If you’ve decided to get divorced, you may be wondering what will happen to your property. Today we answer some fundamental questions surrounding property ownership and division in Illinois:
Can I sell my property?
If you and your spouse have decided to part ways, you can’t transfer ownership of your property to prevent your spouse from accessing it. From the moment you file for divorce, a stay goes into effect, which prohibits you from selling or giving away any of your property unless the court or your spouse explicitly agrees to it.
What is marital property?
In the eyes of the court, there are two types of property to be considered in the event of a divorce: marital and non-marital. Any non-marital property you have is yours to keep. For marital property, the court will decide how the property will be divvied up.
As a general rule, any property acquired while a couple was married is considered marital property—and both parties may have a claim to it in a divorce. Documentation indicating ownership by one party doesn’t make the property non-marital. It doesn’t matter if your beloved Porsche GT3 only has your name on the tile, and you’re the only one who drives it. If you bought it while you were married, your spouse could have a claim to it.
How is marital property divided?
In Illinois, property isn’t necessarily divided down the middle, 50-50. Instead, it’s divided in whatever way the court deems fair.

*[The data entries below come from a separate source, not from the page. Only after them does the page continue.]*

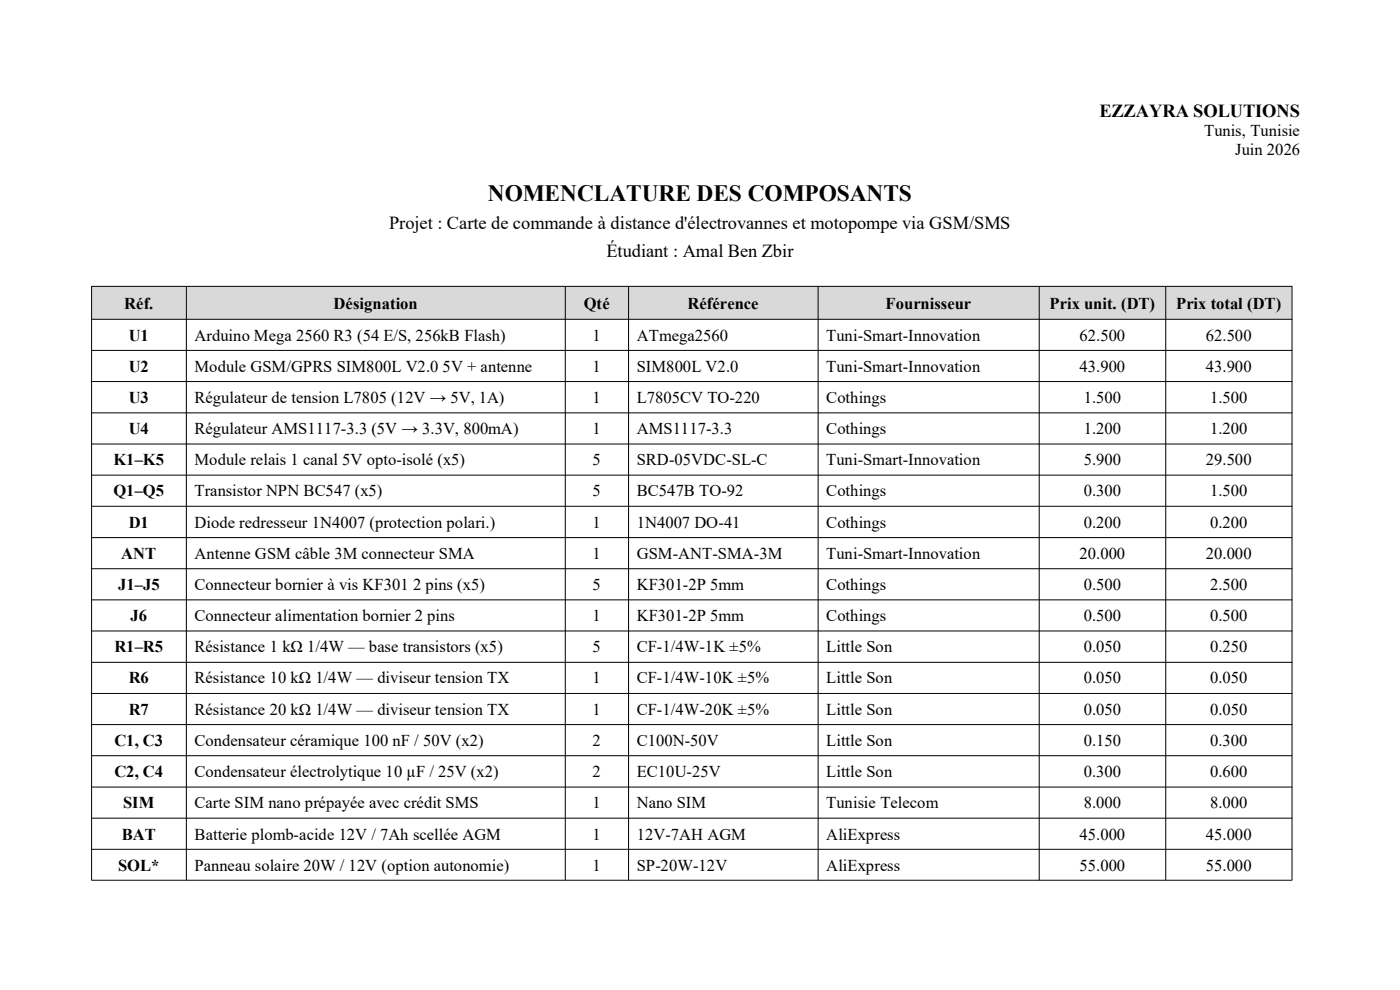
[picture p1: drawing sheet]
<svg xmlns="http://www.w3.org/2000/svg" width="297mm" height="210mm" viewBox="0 0 297 210" stroke-linecap="round" stroke-linejoin="round" font-family="sans-serif">
<defs><g id="words">
<text font-size="5" x="103.5" y="42.5">NOMENCLATURE DES COMPOSANTS</text>
<g font-size="3.9">
<text x="233.3" y="24.8">EZZAYRA SOLUTIONS</text>
<text x="82.6" y="48.6">Projet : Carte de commande à distance d'électrovannes et motopompe via GSM/SMS</text>
<text x="128.7" y="54.5">Étudiant : Amal Ben Zbir</text>
</g>
<g font-size="3.5">
<text x="255.5" y="28.9">Tunis, Tunisie</text>
<text x="262" y="32.9">Juin 2026</text>
<text x="26.4" y="65.4">Réf.</text>
<text x="70.8" y="65.4">Désignation</text>
<text x="123.9" y="65.4">Qté</text>
<text x="145.9" y="65.4">Référence</text>
<text x="187.9" y="65.4">Fournisseur</text>
<text x="222.7" y="65.4">Prix unit. (DT)</text>
<text x="249.5" y="65.4">Prix total (DT)</text>
<text x="27.3" y="72.3">U1</text>
<text x="41.3" y="72.3">Arduino Mega 2560 R3 (54 E/S, 256kB Flash)</text>
<text x="125.7" y="72.3">1</text>
<text x="135.1" y="72.3">ATmega2560</text>
<text x="175.3" y="72.3">Tuni-Smart-Innovation</text>
<text x="229" y="72.3">62.500</text>
<text x="255.8" y="72.3">62.500</text>
<text x="27.3" y="78.9">U2</text>
<text x="41.3" y="78.9">Module GSM/GPRS SIM800L V2.0 5V + antenne</text>
<text x="125.7" y="78.9">1</text>
<text x="135.1" y="78.9">SIM800L V2.0</text>
<text x="175.3" y="78.9">Tuni-Smart-Innovation</text>
<text x="229" y="78.9">43.900</text>
<text x="255.8" y="78.9">43.900</text>
<text x="27.3" y="85.5">U3</text>
<text x="41.3" y="85.5">Régulateur de tension L7805 (12V → 5V, 1A)</text>
<text x="125.7" y="85.5">1</text>
<text x="135.1" y="85.5">L7805CV TO-220</text>
<text x="175.3" y="85.5">Cothings</text>
<text x="229.9" y="85.5">1.500</text>
<text x="256.7" y="85.5">1.500</text>
<text x="27.3" y="92.1">U4</text>
<text x="41.3" y="92.1">Régulateur AMS1117-3.3 (5V → 3.3V, 800mA)</text>
<text x="125.7" y="92.1">1</text>
<text x="135.1" y="92.1">AMS1117-3.3</text>
<text x="175.3" y="92.1">Cothings</text>
<text x="229.9" y="92.1">1.200</text>
<text x="256.7" y="92.1">1.200</text>
<text x="24" y="98.7">K1–K5</text>
<text x="41.3" y="98.7">Module relais 1 canal 5V opto-isolé (x5)</text>
<text x="125.7" y="98.7">5</text>
<text x="135.1" y="98.7">SRD-05VDC-SL-C</text>
<text x="175.3" y="98.7">Tuni-Smart-Innovation</text>
<text x="229.9" y="98.7">5.900</text>
<text x="255.8" y="98.7">29.500</text>
<text x="24" y="105.3">Q1–Q5</text>
<text x="41.3" y="105.3">Transistor NPN BC547 (x5)</text>
<text x="125.7" y="105.3">5</text>
<text x="135.1" y="105.3">BC547B TO-92</text>
<text x="175.3" y="105.3">Cothings</text>
<text x="229.9" y="105.3">0.300</text>
<text x="256.7" y="105.3">1.500</text>
<text x="27.3" y="111.9">D1</text>
<text x="41.3" y="111.9">Diode redresseur 1N4007 (protection polari.)</text>
<text x="125.7" y="111.9">1</text>
<text x="135.1" y="111.9">1N4007 DO-41</text>
<text x="175.3" y="111.9">Cothings</text>
<text x="229.9" y="111.9">0.200</text>
<text x="256.7" y="111.9">0.200</text>
<text x="25.7" y="118.5">ANT</text>
<text x="41.3" y="118.5">Antenne GSM câble 3M connecteur SMA</text>
<text x="125.7" y="118.5">1</text>
<text x="135.1" y="118.5">GSM-ANT-SMA-3M</text>
<text x="175.3" y="118.5">Tuni-Smart-Innovation</text>
<text x="229" y="118.5">20.000</text>
<text x="255.8" y="118.5">20.000</text>
<text x="25.1" y="125.2">J1–J5</text>
<text x="41.3" y="125.2">Connecteur bornier à vis KF301 2 pins (x5)</text>
<text x="125.7" y="125.2">5</text>
<text x="135.1" y="125.2">KF301-2P 5mm</text>
<text x="175.3" y="125.2">Cothings</text>
<text x="229.9" y="125.2">0.500</text>
<text x="256.7" y="125.2">2.500</text>
<text x="27.7" y="131.8">J6</text>
<text x="41.3" y="131.8">Connecteur alimentation bornier 2 pins</text>
<text x="125.7" y="131.8">1</text>
<text x="135.1" y="131.8">KF301-2P 5mm</text>
<text x="175.3" y="131.8">Cothings</text>
<text x="229.9" y="131.8">0.500</text>
<text x="256.7" y="131.8">0.500</text>
<text x="24.3" y="138.4">R1–R5</text>
<text x="41.3" y="138.4">Résistance 1 kΩ 1/4W — base transistors (x5)</text>
<text x="125.7" y="138.4">5</text>
<text x="135.1" y="138.4">CF-1/4W-1K ±5%</text>
<text x="175.3" y="138.4">Little Son</text>
<text x="229.9" y="138.4">0.050</text>
<text x="256.7" y="138.4">0.250</text>
<text x="27.3" y="145">R6</text>
<text x="41.3" y="145">Résistance 10 kΩ 1/4W — diviseur tension TX</text>
<text x="125.7" y="145">1</text>
<text x="135.1" y="145">CF-1/4W-10K ±5%</text>
<text x="175.3" y="145">Little Son</text>
<text x="229.9" y="145">0.050</text>
<text x="256.7" y="145">0.050</text>
<text x="27.3" y="151.6">R7</text>
<text x="41.3" y="151.6">Résistance 20 kΩ 1/4W — diviseur tension TX</text>
<text x="125.7" y="151.6">1</text>
<text x="135.1" y="151.6">CF-1/4W-20K ±5%</text>
<text x="175.3" y="151.6">Little Son</text>
<text x="229.9" y="151.6">0.050</text>
<text x="256.7" y="151.6">0.050</text>
<text x="24.3" y="158.2">C1, C3</text>
<text x="41.3" y="158.2">Condensateur céramique 100 nF / 50V (x2)</text>
<text x="125.7" y="158.2">2</text>
<text x="135.1" y="158.2">C100N-50V</text>
<text x="175.3" y="158.2">Little Son</text>
<text x="229.9" y="158.2">0.150</text>
<text x="256.7" y="158.2">0.300</text>
<text x="24.3" y="164.8">C2, C4</text>
<text x="41.3" y="164.8">Condensateur électrolytique 10 µF / 25V (x2)</text>
<text x="125.7" y="164.8">2</text>
<text x="135.1" y="164.8">EC10U-25V</text>
<text x="175.3" y="164.8">Little Son</text>
<text x="229.9" y="164.8">0.300</text>
<text x="256.7" y="164.8">0.600</text>
<text x="26.1" y="171.5">SIM</text>
<text x="41.3" y="171.5">Carte SIM nano prépayée avec crédit SMS</text>
<text x="125.7" y="171.5">1</text>
<text x="135.1" y="171.5">Nano SIM</text>
<text x="175.3" y="171.5">Tunisie Telecom</text>
<text x="229.9" y="171.5">8.000</text>
<text x="256.7" y="171.5">8.000</text>
<text x="25.8" y="178.1">BAT</text>
<text x="41.3" y="178.1">Batterie plomb-acide 12V / 7Ah scellée AGM</text>
<text x="125.7" y="178.1">1</text>
<text x="135.1" y="178.1">12V-7AH AGM</text>
<text x="175.3" y="178.1">AliExpress</text>
<text x="229" y="178.1">45.000</text>
<text x="255.8" y="178.1">45.000</text>
<text x="25.1" y="184.7">SOL*</text>
<text x="41.3" y="184.7">Panneau solaire 20W / 12V (option autonomie)</text>
<text x="125.7" y="184.7">1</text>
<text x="135.1" y="184.7">SP-20W-12V</text>
<text x="175.3" y="184.7">AliExpress</text>
<text x="229" y="184.7">55.000</text>
<text x="255.8" y="184.7">55.000</text>
</g>
</g></defs>
<g fill="#d9d9d9">
<path d="M19.4 60.7h20.1v6.9h-20.1z"/>
<path d="M39.5 60.7h80.4v6.9h-80.4z"/>
<path d="M119.9 60.7h13.4v6.9h-13.4z"/>
<path d="M133.3 60.7h40.3v6.9h-40.3z"/>
<path d="M173.6 60.7h46.9v6.9h-46.9z"/>
<path d="M220.5 60.7h26.8v6.9h-26.8z"/>
<path d="M247.3 60.7h26.8v6.9h-26.8z"/>
</g>
<g fill="none" stroke="#000" stroke-width=".21">
<path d="M19.4 67.7h254.8M19.4 74.3h254.8M39.5 60.7v126M119.9 60.7v126M133.3 60.7v126M173.6 60.7v126M220.5 60.7v126M247.3 60.7v126M274.1 60.7v126M274.2 60.7h-254.8v126M19.4 80.9h254.8M19.4 87.6h254.8"/>
<path d="M19.4 94.2h254.8M19.4 100.8h254.8M19.4 107.4h254.8M19.4 114h254.8M19.4 120.6h254.8M19.4 127.3h254.8M19.4 133.9h254.8M19.4 140.5h254.8M19.4 147.1h254.8M19.4 153.7h254.8M19.4 160.3h254.8M19.4 167h254.8"/>
<path d="M19.4 173.6h254.8M19.4 180.2h254.8M19.4 186.7h254.8"/>
</g>
<use href="#words"/>
</svg>

The court considers outside factors in deciding what property division arrangement is equitable. It may consider, for example, how long you were married or the individual economic circumstances of each spouse.
Property division is just one subject that can lead to stress and anxiety in a divorce. It can make you feel like you don’t have much control over your future. For this reason, it’s important to have an experienced divorce attorney to advocate on your behalf.